AWS Big Data Blog

Optimize memory management in AWS Glue

July 2022: This post was reviewed for accuracy.

AWS Glue provides a serverless environment to prepare and process datasets for analytics using the power of Apache Spark. In the third post of the series, we discussed how AWS Glue can automatically generate code to perform common data transformations. We also looked at how you can use AWS Glue Workflows to build data pipelines that enable you to easily ingest, transform and load data for analytics.

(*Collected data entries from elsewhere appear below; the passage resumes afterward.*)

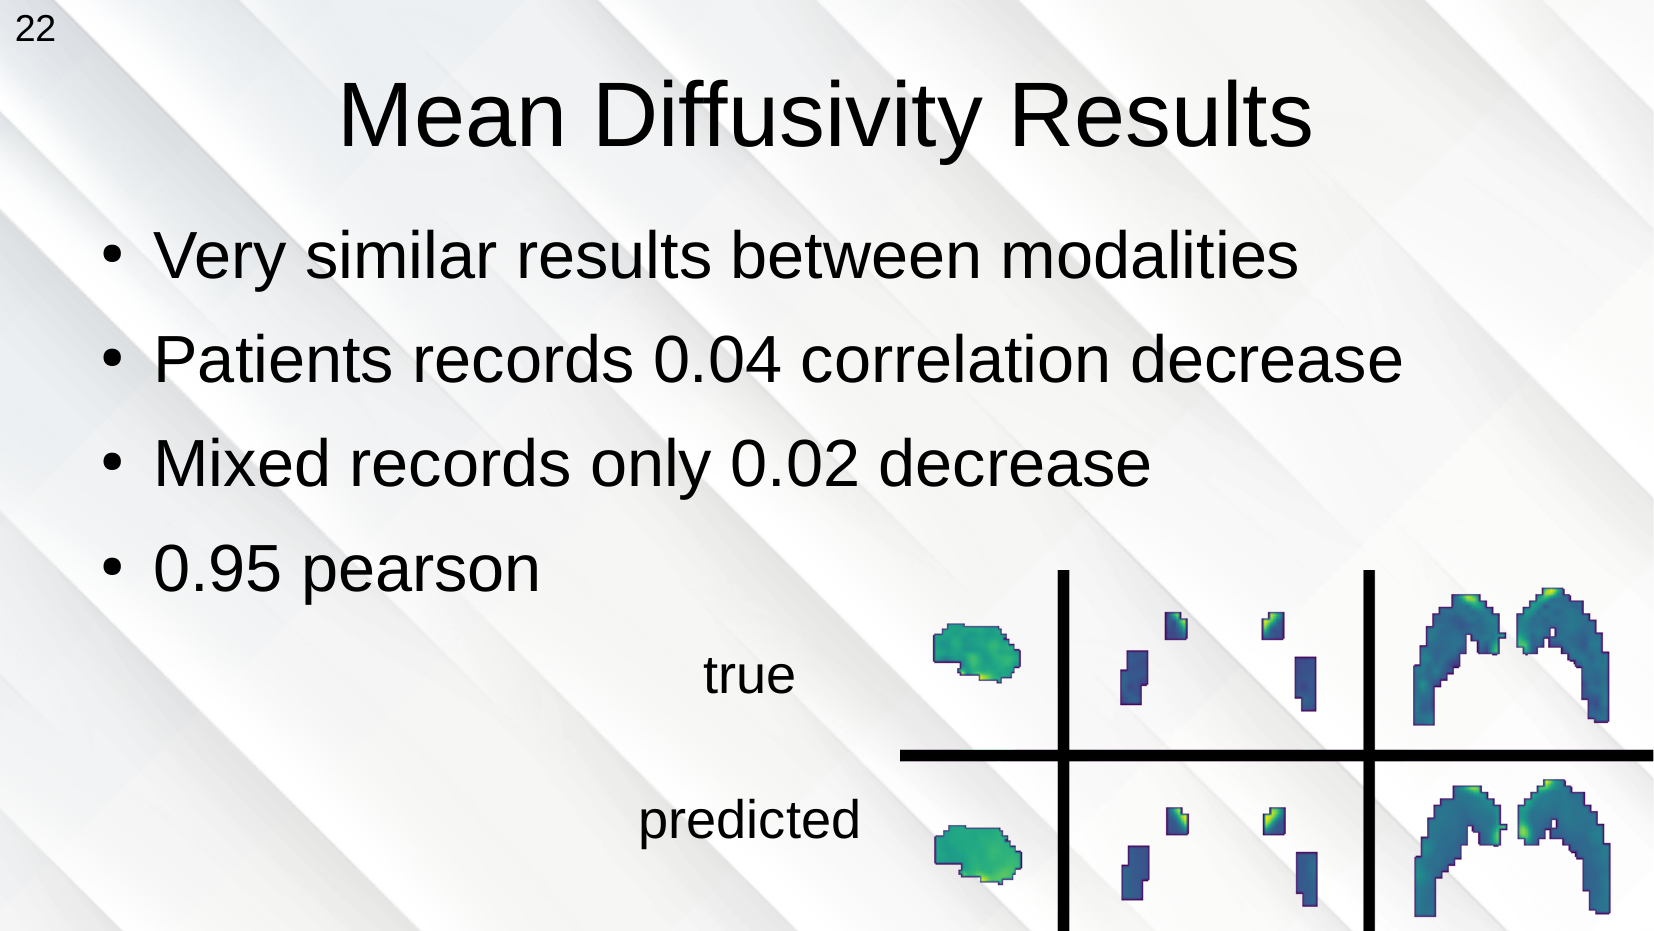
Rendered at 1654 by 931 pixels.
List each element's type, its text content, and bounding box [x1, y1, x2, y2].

text_box true predicted [600, 637, 900, 901]
list Very similar results between modalities Patients records 0.04 correlation decrease Mixed records only 0.02 decrease 0.95 pearson [82, 217, 1571, 863]
title Mean Diffusivity Results [82, 37, 1571, 193]
picture [0, 0, 1654, 931]
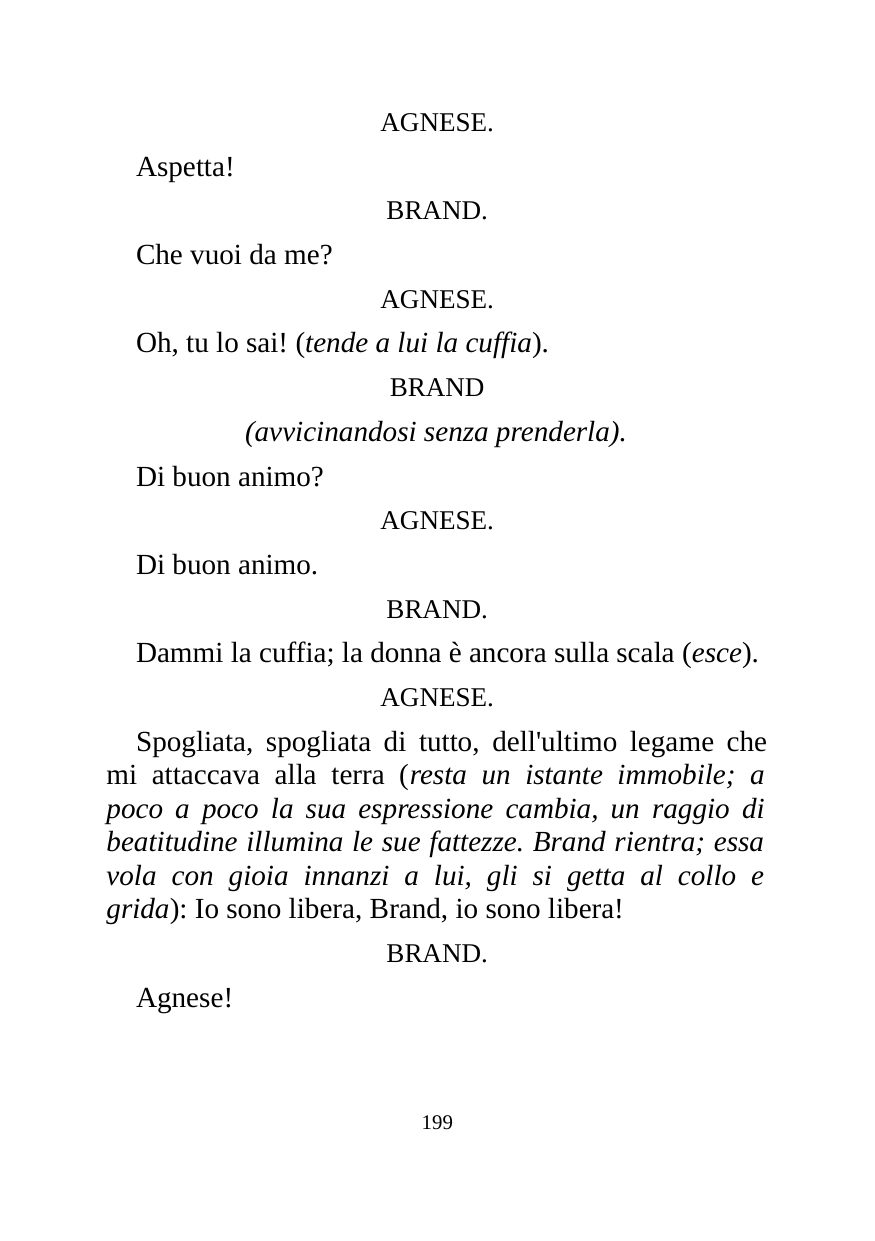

Apache Spark provides several knobs to control how memory is managed for different workloads. However, this is not an exact science and applications may still run into a variety of out of memory (OOM) exceptions because of inefficient transformation logic, unoptimized data partitioning or other quirks in the underlying Spark engine. In this post of the series, we will go deeper into the inner working of a Glue Spark ETL job, and discuss how we can combine AWS Glue capabilities with Spark best practices to scale our jobs to efficiently handle the variety and volume of our data.

Scaling the Apache Spark driver

Apache Spark driver is responsible for analyzing the job, coordinating, and distributing work to tasks to complete the job in the most efficient way possible. In majority of ETL jobs, the driver is typically involved in listing table partitions and the data files in Amazon S3 before it compute file splits and work for individual tasks. The driver then coordinates tasks running the transformations that will process each file split. In addition, the driver needs to keep track of the progress of each task is making and collect the results at the end. The Spark driver may become a bottleneck when a job needs to process large number of files and partitions. AWS Glue offers five different mechanisms to efficiently manage memory on the Spark driver when dealing with a large number of files.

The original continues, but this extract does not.